New Stock Interpretation | The fluctuation in Rongli Construction's performance: The dilemma of "dependence on large clients" is difficult to resolve, and the impact of a single non-recurring project on business continuity.
28/09/2024
GMT Eight
Recently, Hong Kong construction company Wing Lee Construction Holdings Limited (hereinafter referred to as "Wing Lee Construction") conducted a listing hearing on the main board of the Hong Kong Stock Exchange, with Human Finance Limited as its exclusive sponsor.

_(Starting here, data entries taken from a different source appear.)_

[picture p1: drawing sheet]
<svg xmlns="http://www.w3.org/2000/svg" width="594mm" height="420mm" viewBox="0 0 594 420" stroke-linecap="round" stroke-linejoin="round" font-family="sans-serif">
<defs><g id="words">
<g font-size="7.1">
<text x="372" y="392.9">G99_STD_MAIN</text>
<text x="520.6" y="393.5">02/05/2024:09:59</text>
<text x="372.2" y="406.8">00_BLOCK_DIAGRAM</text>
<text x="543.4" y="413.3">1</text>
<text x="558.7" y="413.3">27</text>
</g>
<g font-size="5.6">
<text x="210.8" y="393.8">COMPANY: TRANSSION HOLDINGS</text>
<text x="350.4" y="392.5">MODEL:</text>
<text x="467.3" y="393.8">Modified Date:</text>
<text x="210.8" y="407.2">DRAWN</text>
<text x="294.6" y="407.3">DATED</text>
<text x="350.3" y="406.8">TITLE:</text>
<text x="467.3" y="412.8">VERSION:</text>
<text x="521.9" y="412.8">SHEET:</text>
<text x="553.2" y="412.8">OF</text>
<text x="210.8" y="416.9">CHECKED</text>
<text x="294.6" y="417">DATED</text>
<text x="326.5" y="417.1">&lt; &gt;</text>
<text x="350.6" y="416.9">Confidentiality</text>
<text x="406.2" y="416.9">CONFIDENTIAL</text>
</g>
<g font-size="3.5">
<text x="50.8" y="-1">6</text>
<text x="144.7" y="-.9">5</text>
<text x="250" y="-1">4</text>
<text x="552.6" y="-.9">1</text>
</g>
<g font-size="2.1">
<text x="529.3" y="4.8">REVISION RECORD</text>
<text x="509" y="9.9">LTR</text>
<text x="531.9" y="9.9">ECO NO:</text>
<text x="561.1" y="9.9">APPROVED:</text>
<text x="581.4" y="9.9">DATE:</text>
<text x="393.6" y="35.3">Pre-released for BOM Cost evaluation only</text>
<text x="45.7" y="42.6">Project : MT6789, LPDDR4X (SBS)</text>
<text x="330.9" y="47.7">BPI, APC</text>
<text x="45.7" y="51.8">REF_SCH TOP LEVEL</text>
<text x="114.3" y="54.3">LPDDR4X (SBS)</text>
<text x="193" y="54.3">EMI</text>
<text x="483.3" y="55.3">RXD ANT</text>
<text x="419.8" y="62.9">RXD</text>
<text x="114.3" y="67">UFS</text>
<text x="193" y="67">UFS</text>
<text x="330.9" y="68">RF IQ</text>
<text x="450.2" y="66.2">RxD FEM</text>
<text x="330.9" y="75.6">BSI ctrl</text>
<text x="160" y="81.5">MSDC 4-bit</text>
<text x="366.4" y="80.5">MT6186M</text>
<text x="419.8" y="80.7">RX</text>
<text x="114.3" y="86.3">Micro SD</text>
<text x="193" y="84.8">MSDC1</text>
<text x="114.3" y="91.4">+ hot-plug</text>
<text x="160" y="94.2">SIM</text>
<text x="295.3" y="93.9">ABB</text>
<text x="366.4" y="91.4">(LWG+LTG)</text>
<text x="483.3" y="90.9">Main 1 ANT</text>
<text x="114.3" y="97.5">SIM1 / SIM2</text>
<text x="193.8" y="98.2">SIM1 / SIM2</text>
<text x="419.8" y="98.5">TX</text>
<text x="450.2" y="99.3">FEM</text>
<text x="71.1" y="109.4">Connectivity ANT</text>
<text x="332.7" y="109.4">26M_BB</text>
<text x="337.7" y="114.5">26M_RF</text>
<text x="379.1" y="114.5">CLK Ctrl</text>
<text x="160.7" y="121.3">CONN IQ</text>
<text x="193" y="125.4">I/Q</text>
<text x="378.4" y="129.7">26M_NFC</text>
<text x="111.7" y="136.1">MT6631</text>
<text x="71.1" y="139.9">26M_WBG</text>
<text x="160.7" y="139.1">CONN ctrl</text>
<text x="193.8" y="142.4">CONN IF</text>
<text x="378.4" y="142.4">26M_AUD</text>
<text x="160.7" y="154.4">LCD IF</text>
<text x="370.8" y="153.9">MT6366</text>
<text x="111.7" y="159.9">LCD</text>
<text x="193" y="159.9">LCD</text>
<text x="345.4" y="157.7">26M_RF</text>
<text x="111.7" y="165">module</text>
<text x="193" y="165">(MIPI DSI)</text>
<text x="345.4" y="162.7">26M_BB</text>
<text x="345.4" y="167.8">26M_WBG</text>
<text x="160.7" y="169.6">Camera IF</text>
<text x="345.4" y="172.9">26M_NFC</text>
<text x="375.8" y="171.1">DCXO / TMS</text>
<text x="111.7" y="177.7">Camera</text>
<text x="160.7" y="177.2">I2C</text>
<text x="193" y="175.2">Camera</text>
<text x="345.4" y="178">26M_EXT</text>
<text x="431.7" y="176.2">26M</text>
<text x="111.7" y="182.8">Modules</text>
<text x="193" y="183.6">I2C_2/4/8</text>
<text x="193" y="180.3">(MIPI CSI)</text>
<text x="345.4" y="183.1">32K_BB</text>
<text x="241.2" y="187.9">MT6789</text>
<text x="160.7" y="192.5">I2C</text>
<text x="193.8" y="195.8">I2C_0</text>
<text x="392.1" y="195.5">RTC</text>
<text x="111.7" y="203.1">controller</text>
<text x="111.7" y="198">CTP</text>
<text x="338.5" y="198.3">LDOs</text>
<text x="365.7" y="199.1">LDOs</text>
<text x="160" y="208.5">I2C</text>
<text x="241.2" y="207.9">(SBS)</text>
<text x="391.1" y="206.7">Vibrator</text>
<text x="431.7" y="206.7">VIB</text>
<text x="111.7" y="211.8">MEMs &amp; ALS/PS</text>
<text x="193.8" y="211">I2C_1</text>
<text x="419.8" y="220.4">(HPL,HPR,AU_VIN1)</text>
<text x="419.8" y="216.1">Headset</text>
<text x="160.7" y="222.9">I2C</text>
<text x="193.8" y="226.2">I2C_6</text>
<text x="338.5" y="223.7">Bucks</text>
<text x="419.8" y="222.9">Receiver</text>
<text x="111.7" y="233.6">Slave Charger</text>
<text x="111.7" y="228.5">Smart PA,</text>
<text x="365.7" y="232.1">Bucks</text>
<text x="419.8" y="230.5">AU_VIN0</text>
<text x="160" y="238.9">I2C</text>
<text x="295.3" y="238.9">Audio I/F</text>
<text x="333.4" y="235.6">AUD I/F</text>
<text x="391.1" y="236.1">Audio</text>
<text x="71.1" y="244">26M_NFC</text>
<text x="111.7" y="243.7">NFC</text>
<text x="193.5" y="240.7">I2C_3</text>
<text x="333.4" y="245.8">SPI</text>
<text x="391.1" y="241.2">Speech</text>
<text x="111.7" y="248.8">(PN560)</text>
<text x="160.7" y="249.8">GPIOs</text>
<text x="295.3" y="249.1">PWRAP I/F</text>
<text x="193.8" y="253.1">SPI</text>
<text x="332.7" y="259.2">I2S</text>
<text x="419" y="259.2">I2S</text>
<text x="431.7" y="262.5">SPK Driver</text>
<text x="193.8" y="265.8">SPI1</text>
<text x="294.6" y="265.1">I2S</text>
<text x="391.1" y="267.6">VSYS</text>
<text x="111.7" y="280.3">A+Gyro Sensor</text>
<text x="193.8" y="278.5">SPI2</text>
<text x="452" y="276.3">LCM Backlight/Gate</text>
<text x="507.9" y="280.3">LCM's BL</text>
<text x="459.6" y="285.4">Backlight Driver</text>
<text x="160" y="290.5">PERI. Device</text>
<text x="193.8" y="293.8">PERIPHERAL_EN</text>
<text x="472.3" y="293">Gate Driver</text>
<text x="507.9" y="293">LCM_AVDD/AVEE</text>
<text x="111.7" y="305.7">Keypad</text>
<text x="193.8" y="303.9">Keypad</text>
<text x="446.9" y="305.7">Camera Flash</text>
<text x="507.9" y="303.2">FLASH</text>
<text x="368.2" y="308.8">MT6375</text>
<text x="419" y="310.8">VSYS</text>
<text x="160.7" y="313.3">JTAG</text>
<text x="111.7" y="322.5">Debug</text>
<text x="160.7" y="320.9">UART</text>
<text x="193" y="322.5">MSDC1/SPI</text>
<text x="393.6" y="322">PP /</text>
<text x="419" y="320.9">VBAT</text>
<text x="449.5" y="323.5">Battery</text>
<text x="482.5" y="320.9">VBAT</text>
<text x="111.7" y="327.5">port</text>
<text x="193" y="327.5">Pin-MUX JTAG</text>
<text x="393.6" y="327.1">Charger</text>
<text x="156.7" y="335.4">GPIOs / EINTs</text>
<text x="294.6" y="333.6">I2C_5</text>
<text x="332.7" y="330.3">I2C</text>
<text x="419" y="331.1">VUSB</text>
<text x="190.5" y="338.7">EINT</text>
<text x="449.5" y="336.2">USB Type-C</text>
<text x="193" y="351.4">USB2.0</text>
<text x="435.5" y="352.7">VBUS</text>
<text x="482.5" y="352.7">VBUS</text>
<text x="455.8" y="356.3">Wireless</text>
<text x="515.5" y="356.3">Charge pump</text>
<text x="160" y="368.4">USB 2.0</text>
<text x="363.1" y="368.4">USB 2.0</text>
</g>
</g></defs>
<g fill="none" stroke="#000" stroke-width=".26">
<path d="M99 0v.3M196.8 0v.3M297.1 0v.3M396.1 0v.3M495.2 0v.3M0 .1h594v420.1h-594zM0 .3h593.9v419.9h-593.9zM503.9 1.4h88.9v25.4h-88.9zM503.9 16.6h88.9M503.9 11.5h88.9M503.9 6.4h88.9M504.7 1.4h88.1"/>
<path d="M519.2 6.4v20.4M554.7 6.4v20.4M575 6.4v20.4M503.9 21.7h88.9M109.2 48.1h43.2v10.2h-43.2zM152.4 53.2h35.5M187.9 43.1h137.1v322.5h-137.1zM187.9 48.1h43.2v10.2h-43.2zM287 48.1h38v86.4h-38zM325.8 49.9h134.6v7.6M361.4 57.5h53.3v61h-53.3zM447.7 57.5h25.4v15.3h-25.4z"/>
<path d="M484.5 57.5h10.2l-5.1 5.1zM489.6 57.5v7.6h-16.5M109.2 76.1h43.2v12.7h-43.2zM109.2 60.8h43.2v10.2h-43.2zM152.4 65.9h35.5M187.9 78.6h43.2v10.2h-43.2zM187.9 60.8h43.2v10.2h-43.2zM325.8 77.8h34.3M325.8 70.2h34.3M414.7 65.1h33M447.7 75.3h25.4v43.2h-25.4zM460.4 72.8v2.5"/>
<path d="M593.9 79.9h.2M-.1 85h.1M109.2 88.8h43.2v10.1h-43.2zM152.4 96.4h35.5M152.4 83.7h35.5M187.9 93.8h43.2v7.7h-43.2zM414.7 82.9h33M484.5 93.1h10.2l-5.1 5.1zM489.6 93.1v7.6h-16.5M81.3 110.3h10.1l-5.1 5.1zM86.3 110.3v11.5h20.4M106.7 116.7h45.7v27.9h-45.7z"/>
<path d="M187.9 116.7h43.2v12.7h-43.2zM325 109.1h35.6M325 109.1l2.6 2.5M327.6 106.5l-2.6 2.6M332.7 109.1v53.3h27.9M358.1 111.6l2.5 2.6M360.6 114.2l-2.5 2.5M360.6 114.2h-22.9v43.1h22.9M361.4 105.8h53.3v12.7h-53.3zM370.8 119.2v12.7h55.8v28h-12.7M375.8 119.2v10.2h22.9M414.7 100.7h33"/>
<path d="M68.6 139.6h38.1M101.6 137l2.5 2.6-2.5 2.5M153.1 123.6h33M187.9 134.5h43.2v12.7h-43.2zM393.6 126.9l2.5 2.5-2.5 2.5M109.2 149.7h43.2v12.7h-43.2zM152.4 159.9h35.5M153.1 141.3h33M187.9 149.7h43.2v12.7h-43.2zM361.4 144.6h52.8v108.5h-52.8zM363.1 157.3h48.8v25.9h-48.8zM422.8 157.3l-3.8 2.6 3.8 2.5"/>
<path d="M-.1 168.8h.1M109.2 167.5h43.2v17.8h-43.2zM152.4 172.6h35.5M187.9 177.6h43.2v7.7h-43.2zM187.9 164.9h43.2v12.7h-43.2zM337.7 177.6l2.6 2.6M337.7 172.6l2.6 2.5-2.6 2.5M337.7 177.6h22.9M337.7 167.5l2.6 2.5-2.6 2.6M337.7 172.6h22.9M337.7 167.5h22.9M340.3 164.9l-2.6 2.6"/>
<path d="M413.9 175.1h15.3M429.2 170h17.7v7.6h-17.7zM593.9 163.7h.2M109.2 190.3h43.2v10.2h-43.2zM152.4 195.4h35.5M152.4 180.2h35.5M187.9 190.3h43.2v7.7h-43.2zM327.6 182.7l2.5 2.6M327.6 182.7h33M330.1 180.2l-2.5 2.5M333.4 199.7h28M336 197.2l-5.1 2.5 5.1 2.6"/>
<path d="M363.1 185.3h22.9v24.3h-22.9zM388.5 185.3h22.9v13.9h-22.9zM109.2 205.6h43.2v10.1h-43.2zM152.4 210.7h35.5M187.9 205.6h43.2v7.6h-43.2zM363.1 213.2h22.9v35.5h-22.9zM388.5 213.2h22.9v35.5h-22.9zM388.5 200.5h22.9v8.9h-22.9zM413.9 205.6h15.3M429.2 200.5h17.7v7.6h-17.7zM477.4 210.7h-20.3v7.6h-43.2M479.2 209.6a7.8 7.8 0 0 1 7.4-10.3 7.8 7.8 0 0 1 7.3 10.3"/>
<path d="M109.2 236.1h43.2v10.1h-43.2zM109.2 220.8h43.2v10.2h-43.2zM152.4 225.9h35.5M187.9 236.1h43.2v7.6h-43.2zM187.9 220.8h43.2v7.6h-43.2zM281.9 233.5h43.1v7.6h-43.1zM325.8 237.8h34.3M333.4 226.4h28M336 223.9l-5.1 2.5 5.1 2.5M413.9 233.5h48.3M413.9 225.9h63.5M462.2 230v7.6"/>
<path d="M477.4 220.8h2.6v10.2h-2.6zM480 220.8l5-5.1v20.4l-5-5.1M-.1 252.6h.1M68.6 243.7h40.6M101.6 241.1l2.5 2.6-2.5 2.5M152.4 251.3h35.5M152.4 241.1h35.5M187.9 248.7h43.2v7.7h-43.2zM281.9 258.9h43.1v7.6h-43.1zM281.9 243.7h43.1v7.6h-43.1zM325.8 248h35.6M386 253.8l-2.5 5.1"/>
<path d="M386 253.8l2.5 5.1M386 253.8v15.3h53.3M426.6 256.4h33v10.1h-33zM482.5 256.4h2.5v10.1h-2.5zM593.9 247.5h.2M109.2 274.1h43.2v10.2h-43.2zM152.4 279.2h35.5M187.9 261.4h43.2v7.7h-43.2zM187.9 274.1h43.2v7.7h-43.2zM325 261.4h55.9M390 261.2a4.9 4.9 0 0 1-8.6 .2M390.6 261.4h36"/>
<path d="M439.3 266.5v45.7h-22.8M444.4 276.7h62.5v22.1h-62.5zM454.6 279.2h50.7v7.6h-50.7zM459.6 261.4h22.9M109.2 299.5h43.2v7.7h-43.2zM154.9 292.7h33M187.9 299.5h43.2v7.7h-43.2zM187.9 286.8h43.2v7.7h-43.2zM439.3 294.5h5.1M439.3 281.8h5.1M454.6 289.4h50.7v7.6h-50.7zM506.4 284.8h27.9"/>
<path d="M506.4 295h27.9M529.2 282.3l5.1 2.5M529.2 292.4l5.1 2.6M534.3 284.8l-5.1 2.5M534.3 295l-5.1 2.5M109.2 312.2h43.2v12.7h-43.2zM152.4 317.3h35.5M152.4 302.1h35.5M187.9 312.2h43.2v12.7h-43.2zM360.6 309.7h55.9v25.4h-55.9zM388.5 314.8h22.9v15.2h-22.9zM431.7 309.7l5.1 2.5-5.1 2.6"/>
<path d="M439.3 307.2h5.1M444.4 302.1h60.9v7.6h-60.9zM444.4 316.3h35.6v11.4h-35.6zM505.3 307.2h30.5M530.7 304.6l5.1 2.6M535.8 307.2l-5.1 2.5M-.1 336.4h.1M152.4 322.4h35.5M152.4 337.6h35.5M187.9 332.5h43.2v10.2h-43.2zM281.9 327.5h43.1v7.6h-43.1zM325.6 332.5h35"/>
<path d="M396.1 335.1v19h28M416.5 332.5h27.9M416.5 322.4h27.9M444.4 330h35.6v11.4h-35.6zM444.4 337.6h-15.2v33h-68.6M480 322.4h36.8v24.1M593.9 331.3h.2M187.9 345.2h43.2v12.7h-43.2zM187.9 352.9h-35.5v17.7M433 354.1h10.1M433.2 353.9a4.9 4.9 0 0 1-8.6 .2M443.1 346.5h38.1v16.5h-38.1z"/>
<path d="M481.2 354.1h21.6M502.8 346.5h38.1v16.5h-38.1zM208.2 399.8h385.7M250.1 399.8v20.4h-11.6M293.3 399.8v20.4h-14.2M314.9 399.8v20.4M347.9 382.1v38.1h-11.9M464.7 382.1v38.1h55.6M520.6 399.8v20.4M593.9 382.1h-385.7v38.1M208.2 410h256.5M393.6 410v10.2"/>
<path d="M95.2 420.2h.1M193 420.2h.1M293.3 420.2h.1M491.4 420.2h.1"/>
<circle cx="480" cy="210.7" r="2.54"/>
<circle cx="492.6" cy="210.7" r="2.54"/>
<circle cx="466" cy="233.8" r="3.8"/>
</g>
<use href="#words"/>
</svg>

Business performance fluctuates upwards
Cash flow is like a roller coaster
According to the prospectus, Wing Lee Construction is a medium-sized Hong Kong construction company engaged in civil and mechanical engineering as well as renewable energy projects. Its civil engineering focuses on site leveling and road and drainage projects, while its mechanical engineering focuses on cable trenching, laying, and connection projects. According to industry reports, Wing Lee Construction is the largest subcontractor for cable and civil pipeline installations in Hong Kong by 2023, with a market share of approximately 13.6% based on its revenue in the 2023/24 fiscal year. Since 2019, the company has also been involved in the design, installation, and maintenance of CECEP Solar Energy photovoltaic systems under its renewable energy division. In terms of renewable energy projects, the company focuses on CECEP Solar Energy photovoltaic projects. In addition, the company temporarily leases machinery to contractors and subcontractors and buys and sells building materials for some of the projects it is involved in.
During the period, all business divisions of Wing Lee Construction participated in several key infrastructure projects in Hong Kong. Regarding the company's site leveling projects, the company was one of the subcontractors for the third runway infrastructure project at Hong Kong International Airport; for its road and drainage projects, the company was the main contractor for the rural sewage collection project in Mui Wo undertaken by the government, with a contract amount of approximately 99.1 million Hong Kong dollars; for its mechanical engineering projects, the company had a direct contract with CLP Group (a group company that provides electricity to over 80% of Hong Kong's population) to provide cable trenching, laying, connection projects, and emergency and cable fault repairs under Agreement A, covering the districts of Sham Shui Po and Wong Tai Sin. The company also acted as a subcontractor for Gammon Construction (a main contractor of CLP Group), providing cable trenching, laying, connection projects, and emergency and cable fault repairs under Agreement B, covering the Tsuen Wan district.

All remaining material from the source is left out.